Your task: Write the records out again, unchanged.

Material provided:
◇ ◇ ◇ ◇
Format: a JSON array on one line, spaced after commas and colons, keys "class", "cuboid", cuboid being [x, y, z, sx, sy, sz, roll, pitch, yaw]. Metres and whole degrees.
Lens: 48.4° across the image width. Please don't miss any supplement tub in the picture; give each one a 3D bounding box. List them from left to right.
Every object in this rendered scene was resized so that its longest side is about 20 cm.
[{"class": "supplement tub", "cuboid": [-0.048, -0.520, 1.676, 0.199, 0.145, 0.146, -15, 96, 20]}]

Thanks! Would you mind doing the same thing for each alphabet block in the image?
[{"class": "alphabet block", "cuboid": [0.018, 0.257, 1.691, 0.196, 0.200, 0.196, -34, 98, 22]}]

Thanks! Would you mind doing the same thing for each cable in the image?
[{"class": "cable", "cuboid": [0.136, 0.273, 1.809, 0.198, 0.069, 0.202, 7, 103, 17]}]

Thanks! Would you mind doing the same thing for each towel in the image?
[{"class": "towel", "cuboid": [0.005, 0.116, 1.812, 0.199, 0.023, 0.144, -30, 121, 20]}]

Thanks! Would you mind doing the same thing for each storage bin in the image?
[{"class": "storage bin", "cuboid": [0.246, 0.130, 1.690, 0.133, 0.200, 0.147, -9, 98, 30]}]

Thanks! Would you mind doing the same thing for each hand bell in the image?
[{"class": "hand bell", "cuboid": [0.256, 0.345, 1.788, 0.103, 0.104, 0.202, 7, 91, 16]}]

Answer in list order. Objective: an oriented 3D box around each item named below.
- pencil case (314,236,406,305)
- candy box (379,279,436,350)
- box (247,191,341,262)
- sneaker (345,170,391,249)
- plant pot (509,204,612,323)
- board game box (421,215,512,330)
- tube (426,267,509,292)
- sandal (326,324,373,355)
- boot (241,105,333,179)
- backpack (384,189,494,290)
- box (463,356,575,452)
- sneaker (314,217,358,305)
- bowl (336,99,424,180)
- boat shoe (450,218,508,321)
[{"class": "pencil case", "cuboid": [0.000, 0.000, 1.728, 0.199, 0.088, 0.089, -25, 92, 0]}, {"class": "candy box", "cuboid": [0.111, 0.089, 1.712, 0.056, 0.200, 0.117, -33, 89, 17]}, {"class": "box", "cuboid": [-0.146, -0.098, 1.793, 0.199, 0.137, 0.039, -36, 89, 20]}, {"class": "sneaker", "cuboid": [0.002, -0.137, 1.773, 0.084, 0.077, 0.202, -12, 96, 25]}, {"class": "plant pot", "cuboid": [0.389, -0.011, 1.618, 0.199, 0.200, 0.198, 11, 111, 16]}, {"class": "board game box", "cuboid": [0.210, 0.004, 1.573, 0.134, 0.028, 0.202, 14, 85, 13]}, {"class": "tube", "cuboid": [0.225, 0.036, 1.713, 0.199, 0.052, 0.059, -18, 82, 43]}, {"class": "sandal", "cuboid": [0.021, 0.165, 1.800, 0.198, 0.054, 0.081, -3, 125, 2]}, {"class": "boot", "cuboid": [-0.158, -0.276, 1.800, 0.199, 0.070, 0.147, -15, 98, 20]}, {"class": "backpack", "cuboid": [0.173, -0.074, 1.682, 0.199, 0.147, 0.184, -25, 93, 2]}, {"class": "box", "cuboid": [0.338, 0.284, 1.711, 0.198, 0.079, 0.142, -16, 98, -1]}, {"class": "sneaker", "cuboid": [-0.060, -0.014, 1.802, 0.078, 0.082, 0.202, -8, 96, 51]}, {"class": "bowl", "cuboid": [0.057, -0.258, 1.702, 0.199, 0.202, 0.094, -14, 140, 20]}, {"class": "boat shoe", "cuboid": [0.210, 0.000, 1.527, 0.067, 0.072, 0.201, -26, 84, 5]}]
◇ ◇ ◇ ◇
Answer section:
Format: a JSON array on one line, spaced after commas and colons, keys "class", "cuboid", cuboid being [x, y, z, sx, sy, sz, roll, pitch, yaw]. Metres and whole degrees.
Lens: 48.4° across the image width. Please don't miss any supplement tub in the picture; give each one a 3D bounding box. List them from left to right.
Every object in this rendered scene was resized so that its longest side is about 20 cm.
[{"class": "supplement tub", "cuboid": [-0.048, -0.520, 1.676, 0.199, 0.145, 0.146, -15, 96, 20]}]

Thanks! Would you mind doing the same thing for each alphabet block in the image?
[{"class": "alphabet block", "cuboid": [0.018, 0.257, 1.691, 0.196, 0.200, 0.196, -34, 98, 22]}]

Thanks! Would you mind doing the same thing for each cable in the image?
[{"class": "cable", "cuboid": [0.136, 0.273, 1.809, 0.198, 0.069, 0.202, 7, 103, 17]}]

Thanks! Would you mind doing the same thing for each towel in the image?
[{"class": "towel", "cuboid": [0.005, 0.116, 1.812, 0.199, 0.023, 0.144, -30, 121, 20]}]

Thanks! Would you mind doing the same thing for each storage bin in the image?
[{"class": "storage bin", "cuboid": [0.246, 0.130, 1.690, 0.133, 0.200, 0.147, -9, 98, 30]}]

Thanks! Would you mind doing the same thing for each hand bell in the image?
[{"class": "hand bell", "cuboid": [0.256, 0.345, 1.788, 0.103, 0.104, 0.202, 7, 91, 16]}]

Answer in list order. Objective: an oriented 3D box around each item named below.
- pencil case (314,236,406,305)
- candy box (379,279,436,350)
- box (247,191,341,262)
- sneaker (345,170,391,249)
- plant pot (509,204,612,323)
- board game box (421,215,512,330)
- tube (426,267,509,292)
- sandal (326,324,373,355)
- boot (241,105,333,179)
- backpack (384,189,494,290)
- box (463,356,575,452)
- sneaker (314,217,358,305)
- bowl (336,99,424,180)
- boat shoe (450,218,508,321)
[{"class": "pencil case", "cuboid": [0.000, 0.000, 1.728, 0.199, 0.088, 0.089, -25, 92, 0]}, {"class": "candy box", "cuboid": [0.111, 0.089, 1.712, 0.056, 0.200, 0.117, -33, 89, 17]}, {"class": "box", "cuboid": [-0.146, -0.098, 1.793, 0.199, 0.137, 0.039, -36, 89, 20]}, {"class": "sneaker", "cuboid": [0.002, -0.137, 1.773, 0.084, 0.077, 0.202, -12, 96, 25]}, {"class": "plant pot", "cuboid": [0.389, -0.011, 1.618, 0.199, 0.200, 0.198, 11, 111, 16]}, {"class": "board game box", "cuboid": [0.210, 0.004, 1.573, 0.134, 0.028, 0.202, 14, 85, 13]}, {"class": "tube", "cuboid": [0.225, 0.036, 1.713, 0.199, 0.052, 0.059, -18, 82, 43]}, {"class": "sandal", "cuboid": [0.021, 0.165, 1.800, 0.198, 0.054, 0.081, -3, 125, 2]}, {"class": "boot", "cuboid": [-0.158, -0.276, 1.800, 0.199, 0.070, 0.147, -15, 98, 20]}, {"class": "backpack", "cuboid": [0.173, -0.074, 1.682, 0.199, 0.147, 0.184, -25, 93, 2]}, {"class": "box", "cuboid": [0.338, 0.284, 1.711, 0.198, 0.079, 0.142, -16, 98, -1]}, {"class": "sneaker", "cuboid": [-0.060, -0.014, 1.802, 0.078, 0.082, 0.202, -8, 96, 51]}, {"class": "bowl", "cuboid": [0.057, -0.258, 1.702, 0.199, 0.202, 0.094, -14, 140, 20]}, {"class": "boat shoe", "cuboid": [0.210, 0.000, 1.527, 0.067, 0.072, 0.201, -26, 84, 5]}]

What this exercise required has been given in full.